The problem: Starting at the first line of the listing below and ending at the line with "text Aanvraag omgevingsvergunning, Nieuw", copy each line exactly.

Extracted records:
↓↓↓

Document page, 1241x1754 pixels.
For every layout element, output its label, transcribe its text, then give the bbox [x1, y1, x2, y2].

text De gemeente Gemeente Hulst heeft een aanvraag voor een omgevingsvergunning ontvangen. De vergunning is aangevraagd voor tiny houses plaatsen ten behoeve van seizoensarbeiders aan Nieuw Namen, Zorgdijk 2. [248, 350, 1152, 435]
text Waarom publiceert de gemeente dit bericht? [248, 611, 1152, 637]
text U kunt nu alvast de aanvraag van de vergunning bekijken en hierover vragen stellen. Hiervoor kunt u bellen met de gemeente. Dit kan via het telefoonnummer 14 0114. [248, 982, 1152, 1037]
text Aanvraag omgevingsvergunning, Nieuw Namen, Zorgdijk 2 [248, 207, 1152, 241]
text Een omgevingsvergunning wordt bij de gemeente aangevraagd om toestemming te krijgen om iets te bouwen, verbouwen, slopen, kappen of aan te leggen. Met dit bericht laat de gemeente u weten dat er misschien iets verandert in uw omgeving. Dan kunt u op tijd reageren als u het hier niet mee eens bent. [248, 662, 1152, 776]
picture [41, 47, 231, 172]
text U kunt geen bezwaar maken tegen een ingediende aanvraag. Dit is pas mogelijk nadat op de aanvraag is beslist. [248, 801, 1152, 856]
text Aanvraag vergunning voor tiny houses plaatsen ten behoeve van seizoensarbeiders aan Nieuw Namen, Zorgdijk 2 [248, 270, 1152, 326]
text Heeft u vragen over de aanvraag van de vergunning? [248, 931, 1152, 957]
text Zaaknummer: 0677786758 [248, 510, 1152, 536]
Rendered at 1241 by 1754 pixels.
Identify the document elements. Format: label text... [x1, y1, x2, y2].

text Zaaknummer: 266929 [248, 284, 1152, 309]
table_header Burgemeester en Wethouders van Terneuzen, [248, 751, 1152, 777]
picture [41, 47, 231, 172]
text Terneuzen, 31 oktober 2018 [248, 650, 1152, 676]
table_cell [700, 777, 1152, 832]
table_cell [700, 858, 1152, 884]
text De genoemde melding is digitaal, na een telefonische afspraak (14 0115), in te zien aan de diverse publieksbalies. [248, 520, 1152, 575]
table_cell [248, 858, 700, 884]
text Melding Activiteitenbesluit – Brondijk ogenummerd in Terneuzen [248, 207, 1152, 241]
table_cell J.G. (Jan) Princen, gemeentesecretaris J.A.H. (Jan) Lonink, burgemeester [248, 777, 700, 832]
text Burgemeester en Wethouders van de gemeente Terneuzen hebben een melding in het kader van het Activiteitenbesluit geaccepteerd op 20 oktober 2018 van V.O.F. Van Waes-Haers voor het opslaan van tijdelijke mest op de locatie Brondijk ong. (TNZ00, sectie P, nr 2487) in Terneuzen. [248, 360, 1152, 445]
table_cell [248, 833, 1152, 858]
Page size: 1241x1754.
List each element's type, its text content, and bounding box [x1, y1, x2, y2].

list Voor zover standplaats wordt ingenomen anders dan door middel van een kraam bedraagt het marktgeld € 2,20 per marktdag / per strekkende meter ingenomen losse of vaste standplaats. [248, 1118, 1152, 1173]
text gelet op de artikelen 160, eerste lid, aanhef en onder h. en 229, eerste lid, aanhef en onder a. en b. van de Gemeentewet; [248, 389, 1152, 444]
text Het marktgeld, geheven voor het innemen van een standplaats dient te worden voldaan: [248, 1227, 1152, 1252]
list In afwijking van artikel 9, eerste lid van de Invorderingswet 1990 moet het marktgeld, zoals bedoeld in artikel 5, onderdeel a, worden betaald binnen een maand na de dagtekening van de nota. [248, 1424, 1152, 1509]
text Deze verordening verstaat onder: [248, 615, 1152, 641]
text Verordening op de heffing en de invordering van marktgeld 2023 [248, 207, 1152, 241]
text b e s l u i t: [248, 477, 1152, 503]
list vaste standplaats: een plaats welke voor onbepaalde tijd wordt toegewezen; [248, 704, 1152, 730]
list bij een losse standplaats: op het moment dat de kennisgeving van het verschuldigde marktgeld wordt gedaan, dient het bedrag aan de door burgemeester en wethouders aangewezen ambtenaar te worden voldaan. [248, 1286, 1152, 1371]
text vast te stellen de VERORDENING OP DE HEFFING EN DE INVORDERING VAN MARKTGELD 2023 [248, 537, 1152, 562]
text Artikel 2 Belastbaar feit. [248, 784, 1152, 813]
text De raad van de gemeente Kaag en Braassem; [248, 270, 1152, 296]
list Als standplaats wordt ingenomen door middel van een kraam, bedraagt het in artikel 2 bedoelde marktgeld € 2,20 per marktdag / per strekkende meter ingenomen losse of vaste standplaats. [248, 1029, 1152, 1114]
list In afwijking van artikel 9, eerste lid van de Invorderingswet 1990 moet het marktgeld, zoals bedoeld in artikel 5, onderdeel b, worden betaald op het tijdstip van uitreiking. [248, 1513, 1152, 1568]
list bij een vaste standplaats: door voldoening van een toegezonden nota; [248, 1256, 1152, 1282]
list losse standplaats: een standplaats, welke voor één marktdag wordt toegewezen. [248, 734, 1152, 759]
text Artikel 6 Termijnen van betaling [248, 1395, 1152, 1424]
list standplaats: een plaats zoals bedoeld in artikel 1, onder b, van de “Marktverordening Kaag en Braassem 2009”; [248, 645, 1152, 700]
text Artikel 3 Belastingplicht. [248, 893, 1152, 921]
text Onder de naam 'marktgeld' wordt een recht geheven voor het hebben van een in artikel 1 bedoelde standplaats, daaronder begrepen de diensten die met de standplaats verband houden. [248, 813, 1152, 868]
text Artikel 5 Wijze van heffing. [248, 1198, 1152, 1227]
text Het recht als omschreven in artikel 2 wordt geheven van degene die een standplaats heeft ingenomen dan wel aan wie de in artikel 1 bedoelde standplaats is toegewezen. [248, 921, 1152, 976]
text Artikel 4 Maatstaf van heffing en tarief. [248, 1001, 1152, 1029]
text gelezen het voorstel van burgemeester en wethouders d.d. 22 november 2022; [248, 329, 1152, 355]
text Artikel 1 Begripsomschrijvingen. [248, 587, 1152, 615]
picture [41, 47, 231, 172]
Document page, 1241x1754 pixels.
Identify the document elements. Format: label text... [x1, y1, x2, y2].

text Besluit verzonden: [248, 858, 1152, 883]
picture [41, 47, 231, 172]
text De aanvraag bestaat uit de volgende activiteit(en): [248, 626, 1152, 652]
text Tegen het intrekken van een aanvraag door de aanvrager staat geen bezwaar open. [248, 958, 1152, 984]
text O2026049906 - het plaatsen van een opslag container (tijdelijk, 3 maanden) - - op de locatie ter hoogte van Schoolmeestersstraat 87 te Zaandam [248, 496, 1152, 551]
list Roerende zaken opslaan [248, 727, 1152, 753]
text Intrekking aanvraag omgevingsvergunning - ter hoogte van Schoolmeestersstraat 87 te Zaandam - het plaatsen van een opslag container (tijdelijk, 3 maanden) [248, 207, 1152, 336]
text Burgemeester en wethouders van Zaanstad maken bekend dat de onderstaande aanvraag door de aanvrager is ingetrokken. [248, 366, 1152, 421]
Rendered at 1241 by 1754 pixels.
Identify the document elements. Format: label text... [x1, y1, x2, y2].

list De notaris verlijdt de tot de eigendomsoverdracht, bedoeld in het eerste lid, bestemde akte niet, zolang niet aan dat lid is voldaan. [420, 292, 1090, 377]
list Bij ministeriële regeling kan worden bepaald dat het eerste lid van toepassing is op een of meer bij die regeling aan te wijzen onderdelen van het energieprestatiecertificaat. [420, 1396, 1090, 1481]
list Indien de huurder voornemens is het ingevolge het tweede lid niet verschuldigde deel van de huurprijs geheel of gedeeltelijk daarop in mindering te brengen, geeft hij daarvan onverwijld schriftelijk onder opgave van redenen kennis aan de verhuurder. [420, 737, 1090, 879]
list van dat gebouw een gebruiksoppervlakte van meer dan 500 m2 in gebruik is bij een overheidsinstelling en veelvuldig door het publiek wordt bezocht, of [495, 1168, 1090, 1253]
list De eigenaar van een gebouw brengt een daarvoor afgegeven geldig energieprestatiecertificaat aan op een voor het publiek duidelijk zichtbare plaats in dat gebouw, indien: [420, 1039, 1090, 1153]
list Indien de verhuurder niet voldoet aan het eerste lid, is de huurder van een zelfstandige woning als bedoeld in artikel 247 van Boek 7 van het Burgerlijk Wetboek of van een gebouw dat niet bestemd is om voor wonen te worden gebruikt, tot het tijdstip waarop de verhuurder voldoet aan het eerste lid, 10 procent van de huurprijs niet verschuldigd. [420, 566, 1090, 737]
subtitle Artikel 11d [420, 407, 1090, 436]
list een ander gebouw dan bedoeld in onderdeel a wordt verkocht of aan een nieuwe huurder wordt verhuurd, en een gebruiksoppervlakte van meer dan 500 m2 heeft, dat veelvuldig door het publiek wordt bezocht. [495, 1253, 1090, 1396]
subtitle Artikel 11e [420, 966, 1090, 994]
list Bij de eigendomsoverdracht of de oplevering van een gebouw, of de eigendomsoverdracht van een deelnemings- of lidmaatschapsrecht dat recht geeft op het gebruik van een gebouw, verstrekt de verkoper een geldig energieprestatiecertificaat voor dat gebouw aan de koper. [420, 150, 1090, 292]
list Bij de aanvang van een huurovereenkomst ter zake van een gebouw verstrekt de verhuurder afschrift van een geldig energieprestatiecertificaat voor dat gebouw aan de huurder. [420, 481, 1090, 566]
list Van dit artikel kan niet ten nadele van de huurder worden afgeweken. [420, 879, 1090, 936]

↑↑↑

Exercise output:
Document page, 1241x1754 pixels.
For every layout element, output its label, transcribe its text, then give the bbox [x1, y1, x2, y2].

text De gemeente Gemeente Hulst heeft een aanvraag voor een omgevingsvergunning ontvangen. De vergunning is aangevraagd voor tiny houses plaatsen ten behoeve van seizoensarbeiders aan Nieuw Namen, Zorgdijk 2. [248, 350, 1152, 435]
text Waarom publiceert de gemeente dit bericht? [248, 611, 1152, 637]
text U kunt nu alvast de aanvraag van de vergunning bekijken en hierover vragen stellen. Hiervoor kunt u bellen met de gemeente. Dit kan via het telefoonnummer 14 0114. [248, 982, 1152, 1037]
text Aanvraag omgevingsvergunning, Nieuw Namen, Zorgdijk 2 [248, 207, 1152, 241]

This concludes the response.